AIM OF THE TASK:
How many lines in the records below contain "System"? Answer with the number alone.

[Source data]
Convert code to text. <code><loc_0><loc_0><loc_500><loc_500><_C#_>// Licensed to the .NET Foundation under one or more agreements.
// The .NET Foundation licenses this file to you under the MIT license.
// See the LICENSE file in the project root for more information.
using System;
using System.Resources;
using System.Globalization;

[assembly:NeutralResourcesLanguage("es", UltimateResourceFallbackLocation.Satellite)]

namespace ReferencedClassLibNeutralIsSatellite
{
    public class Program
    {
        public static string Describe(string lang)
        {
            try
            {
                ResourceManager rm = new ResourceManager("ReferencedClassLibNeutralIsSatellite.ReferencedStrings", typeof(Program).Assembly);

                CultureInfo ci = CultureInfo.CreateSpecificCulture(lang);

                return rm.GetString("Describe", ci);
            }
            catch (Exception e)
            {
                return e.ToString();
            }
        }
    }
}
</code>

EXERCISE RESULT:
3